PROBLEM STATEMENT
In the entries below, find the line containing "I need the written" and the line containing "a u ,</formula>". Copy those two lines and everything between them exactly, without the pictures.

□ □ □ □

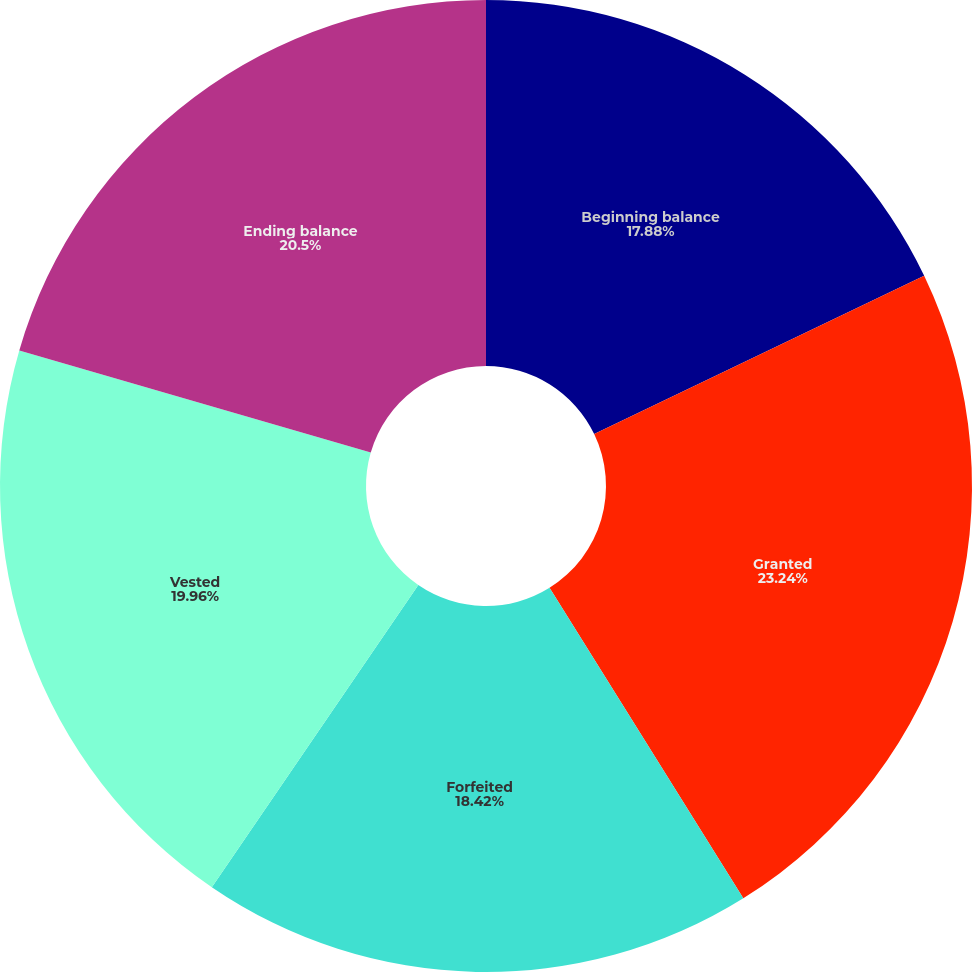Convert chart. <chart><loc_0><loc_0><loc_500><loc_500><pie_chart><fcel>Beginning balance<fcel>Granted<fcel>Forfeited<fcel>Vested<fcel>Ending balance<nl><fcel>17.88%<fcel>23.24%<fcel>18.42%<fcel>19.96%<fcel>20.5%<nl></chart> 
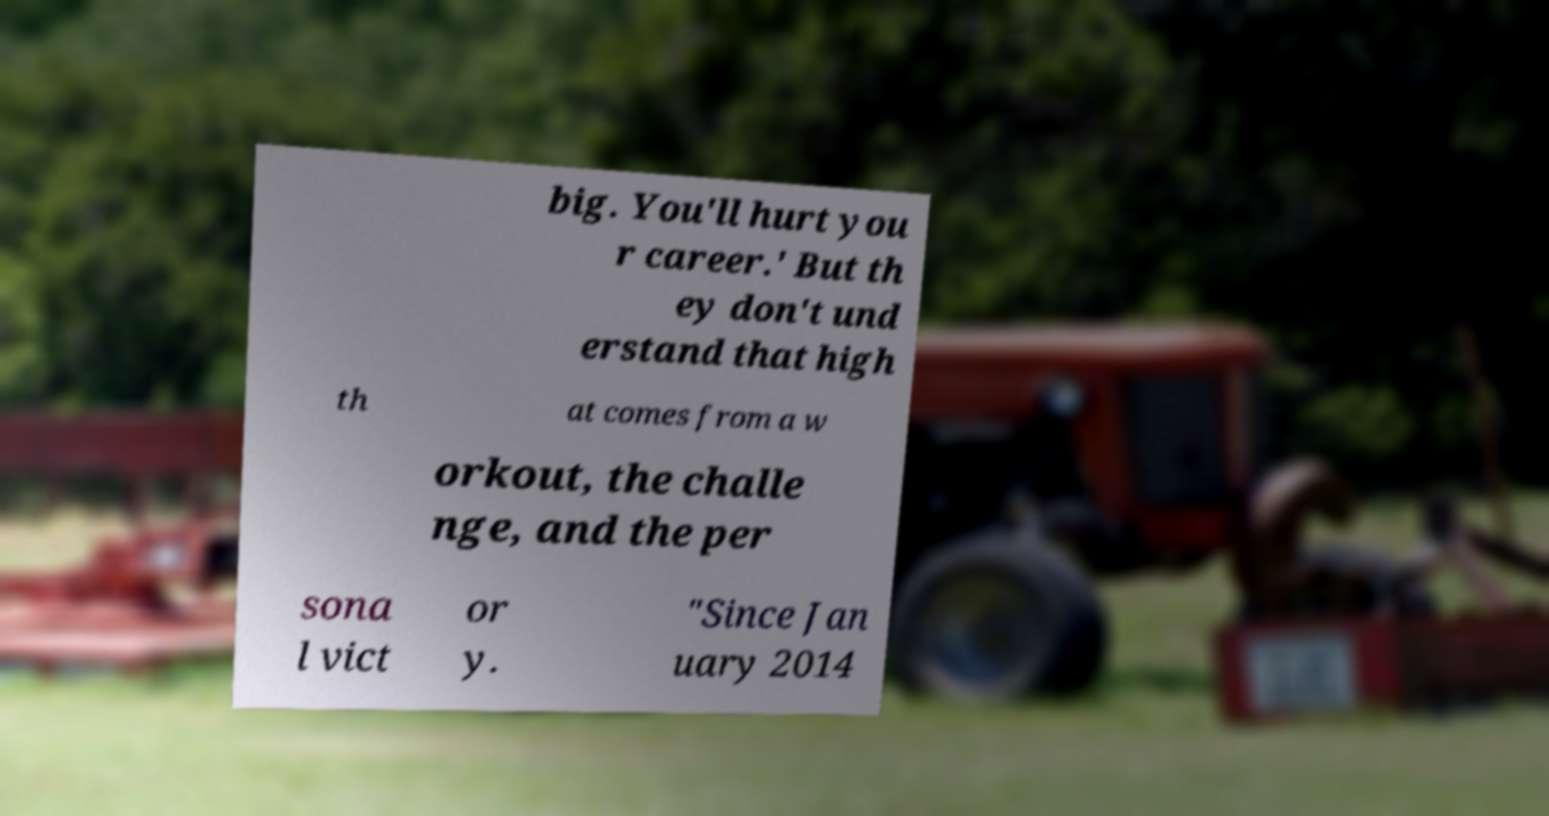I need the written content from this picture converted into text. Can you do that? big. You'll hurt you r career.' But th ey don't und erstand that high th at comes from a w orkout, the challe nge, and the per sona l vict or y. "Since Jan uary 2014 
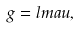Convert formula to latex. <formula><loc_0><loc_0><loc_500><loc_500>g = l m a u ,</formula> 
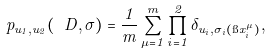Convert formula to latex. <formula><loc_0><loc_0><loc_500><loc_500>p _ { u _ { 1 } , u _ { 2 } } ( \ D , \sigma ) = \frac { 1 } { m } \sum _ { \mu = 1 } ^ { m } \prod _ { i = 1 } ^ { 2 } \delta _ { u _ { i } , \sigma _ { i } ( \i x _ { i } ^ { \mu } ) } ,</formula> 
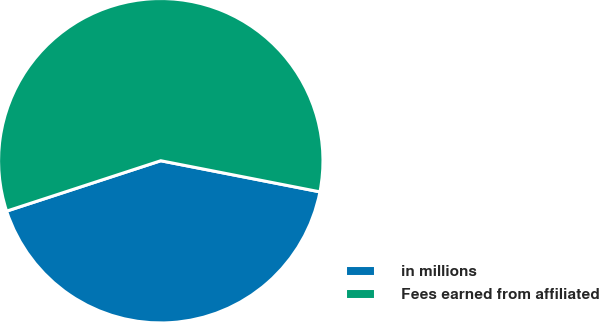Convert chart. <chart><loc_0><loc_0><loc_500><loc_500><pie_chart><fcel>in millions<fcel>Fees earned from affiliated<nl><fcel>41.9%<fcel>58.1%<nl></chart> 
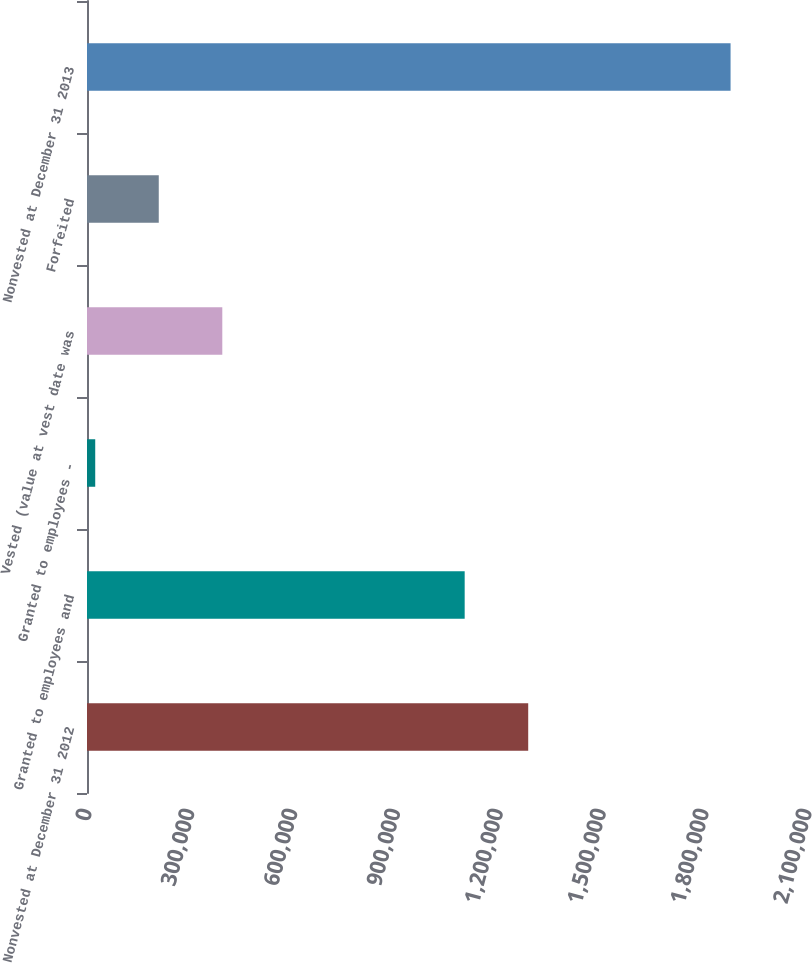Convert chart. <chart><loc_0><loc_0><loc_500><loc_500><bar_chart><fcel>Nonvested at December 31 2012<fcel>Granted to employees and<fcel>Granted to employees -<fcel>Vested (value at vest date was<fcel>Forfeited<fcel>Nonvested at December 31 2013<nl><fcel>1.28686e+06<fcel>1.10156e+06<fcel>24000<fcel>394617<fcel>209309<fcel>1.87709e+06<nl></chart> 
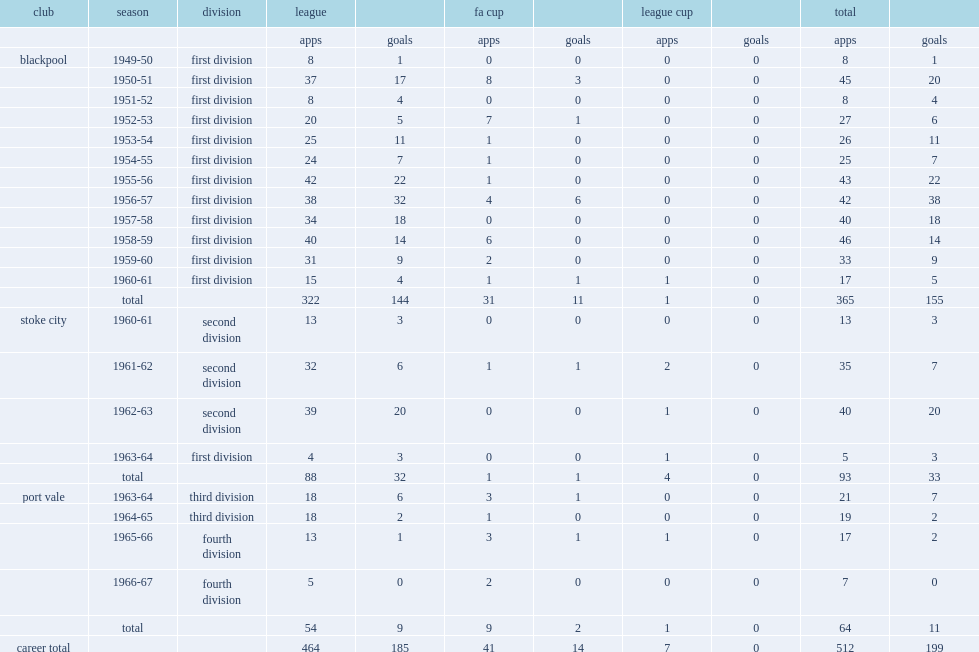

□ □ □ □

ANSWER BELOW
I need the written content from this picture converted into text. Can you do that? big. You'll hurt you r career.' But th ey don't und erstand that high th at comes from a w orkout, the challe nge, and the per sona l vict or y. "Since Jan uary 2014 
Convert formula to latex. <formula><loc_0><loc_0><loc_500><loc_500>g = l m a u ,</formula> 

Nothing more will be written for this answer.